In This Article
- As part of the RECOVERY trial, 2,104 patients with COVID-19 received dexamethasone 6 mg/day for up to 10 days and 4,321 received usual care
- According to a preprint manuscript, among patients receiving respiratory support, steroid use was associated with a 3% absolute reduction in the risk of 28-day mortality, with greater benefit for patients on mechanical ventilation than those on oxygen
- There was a nonsignificant trend toward harm in patients not requiring oxygen therapy who received steroids
- Physicians should strongly consider the use of dexamethasone for COVID-19 patients who are on oxygen or have hypoxemic respiratory failure
According to recently released preprint data (not yet peer-reviewed) from the RECOVERY trial, dexamethasone has a mortality benefit in COVID-19 patients who require oxygen or mechanical ventilation. In a review posted on June 27, 2020, the Fast Literature Assessment and Review team at Massachusetts General Hospital puts the trial in context.
The role of steroids in acute respiratory distress syndrome (ARDS) and other critical illness syndromes is highly controversial. There is evidence suggesting the innate immune response is itself a mechanism of ARDS—it potentially gives way to maladaptive hyperinflammation—so there has been longstanding interest in immunomodulatory therapies.
Widespread adoption of such strategies has been limited by contradictory data. Two large randomized, clinical trials of different steroid regimens applied at different times in the ARDS course showed conflicting efficacy results. Other studies showed a signal for harm in late ARDS (>14 days) and ARDS due to viral pneumonia. Among survivors of ARDS, steroids have been associated with delirium and profound, long-lasting neuromuscular weakness.

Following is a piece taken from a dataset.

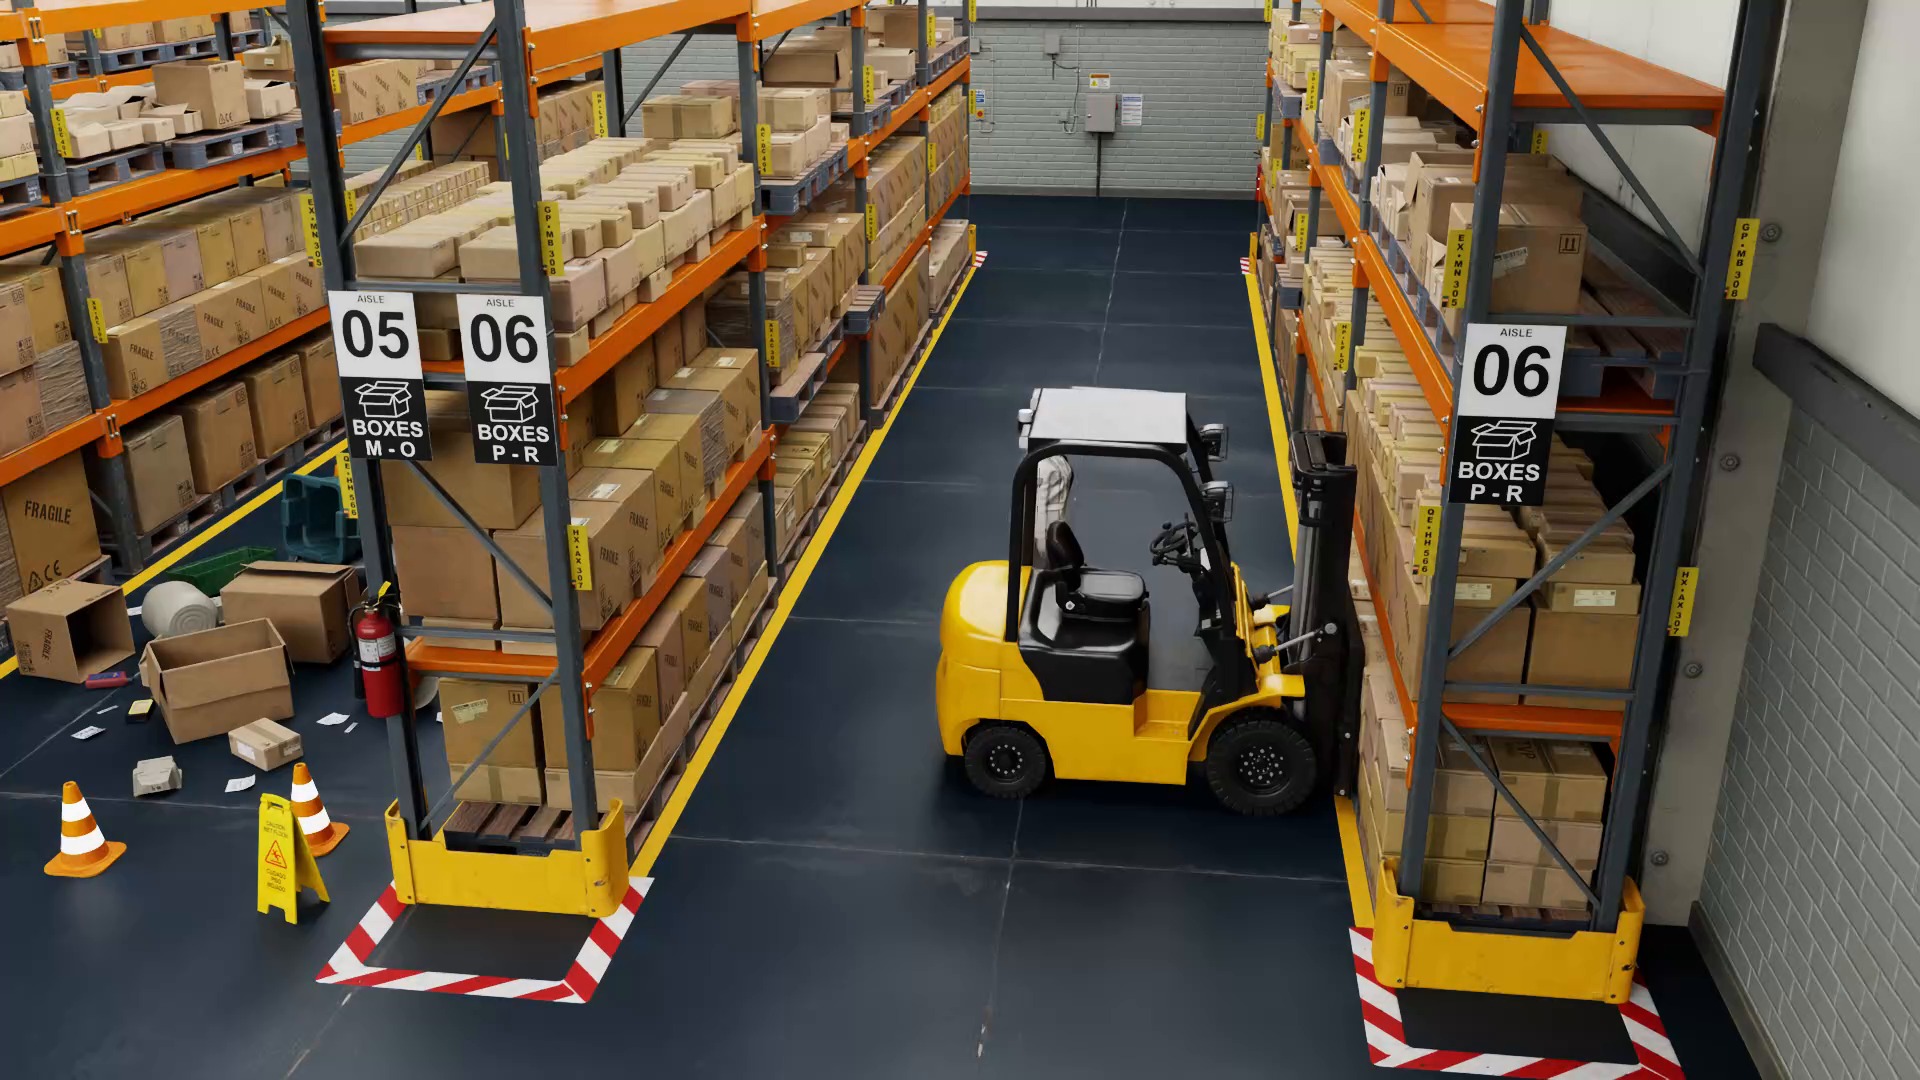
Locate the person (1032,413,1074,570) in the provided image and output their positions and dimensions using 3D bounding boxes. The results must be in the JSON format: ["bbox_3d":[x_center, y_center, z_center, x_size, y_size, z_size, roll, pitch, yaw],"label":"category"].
[{"bbox_3d":[0.719,-0.087,11.269,0.680,1.664,0.507,2,21,5],"label":"person"}]

RECOVERY is a multi-arm, multi-platform clinical trial testing a number of therapies for COVID-19 in parallel with 28-day mortality as a primary endpoint. The sample is massive: in the steroid arm, 2,104 patients received dexamethasone 6 mg/day for up to 10 days. They were compared with 4,321 patients who received usual care.
RECOVERY showed a 3% absolute mortality risk reduction in the steroid group among patients receiving respiratory support, with greater benefit in patients on mechanical ventilation than in those on oxygen. There was a nonsignificant trend toward harm in patients not requiring oxygen therapy who received steroids.
These data from RECOVERY should be practice-changing. However, given concerns about both short- and long-term adverse events with steroid use, more precise phenotyping is necessary. Clinicians must remain alert to the possibility that the groups that appeared to benefit in RECOVERY (those on oxygen or mechanical ventilation) are not the true subtypes that distinguish steroid responders from nonresponders.
In addition, any open-label trial is potentially confounded. Despite the new standard of care of providing dexamethasone to patients with COVID-19, there is a continued need for a fully blinded randomized, controlled trial.